Okura not:
Günün 11’i, Türkiye medyasındaki görüş ve yorum çeşitliliğini yansıtmak amacıyla hazırlanmaktadır. Aşağıda özetini bulacağınız yazıya yer vermemiz, içeriğini onayladığımız ve/veya desteklediğimiz anlamına gelmez.
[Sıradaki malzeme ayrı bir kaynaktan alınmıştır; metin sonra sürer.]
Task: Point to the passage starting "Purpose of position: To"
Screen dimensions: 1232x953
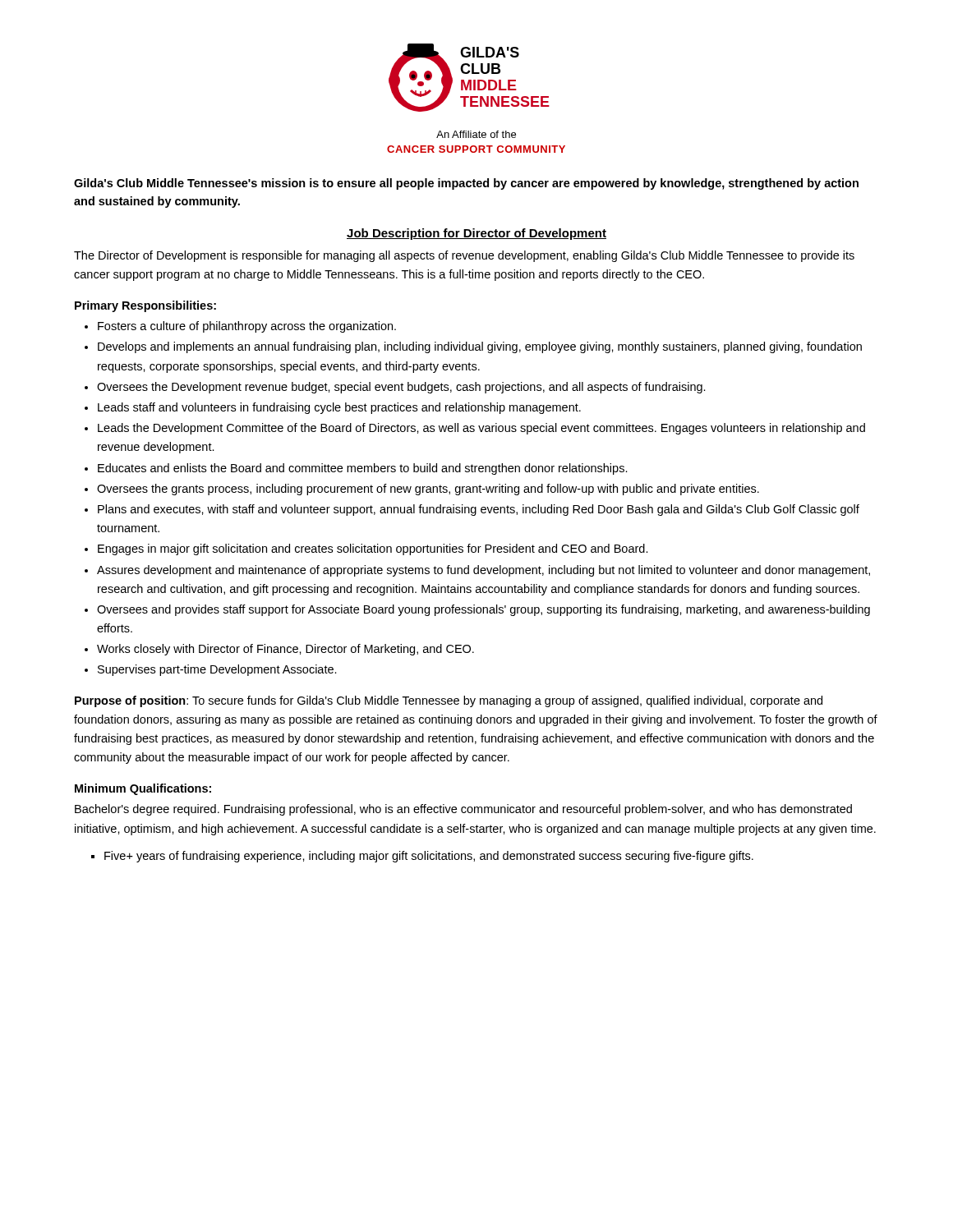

Şimşek politikalarıyla geçirilen 23 ayın sonunda elimizde yüksek faiz, yüksek enflasyon ve güçlükle tutulan kurdan başka bir şey yok. Şimşek ‘programı’ nasıl sona erecek, göreceğiz. Programın ömrünü kısa bir süreliğine de olsa uzatmanın sadece iki yolu kaldı: Faizleri daha uzun bir süre daha yüksek bir seviyede tutarak bir iflas-işsizlik dalgası yaratıp ekonomiyi bir resesyona sokmak ya da siyaseten önemli bir yumuşama hamlesi ile döviz çekmeye çalışmak. İktidarın bu iki seçeneği de tercih etmesi siyaseten mümkün görünmüyor. Sınırlarına dayanan Şimşek ‘programı‘ yerine koyabilecekleri yeni bir ‘program’ da şu ortamda mevcut değil.
Böylesi bir döneme girilirken muhalefetin en büyük eksikliği, geniş kesimlerin ihtiyaçlarına yanıt verecek alternatif bir ekonomi programı olmaması olarak göze çarpıyor. 2023 seçimlerine gidilirken altılı masanın vadettiği politika çerçevesi Şimşek ‘programı‘nın bir benzeriyken bugün de halen ülkeye “Demokrasi gelirse yabancı sermaye de gelir” yaklaşımının ötesine geçilememiş durumda.
Kısacası ekonomiyi ve özellikle de geniş emekçi kesimleri oldukça zor ve tehlikeli bir dönem bekliyor. Güçlü ve birleşik bir mücadele hattı ortaya çıkmadığı sürece fırtınadan en çok zarar görecek olan yine ücretli çalışanlar olacak.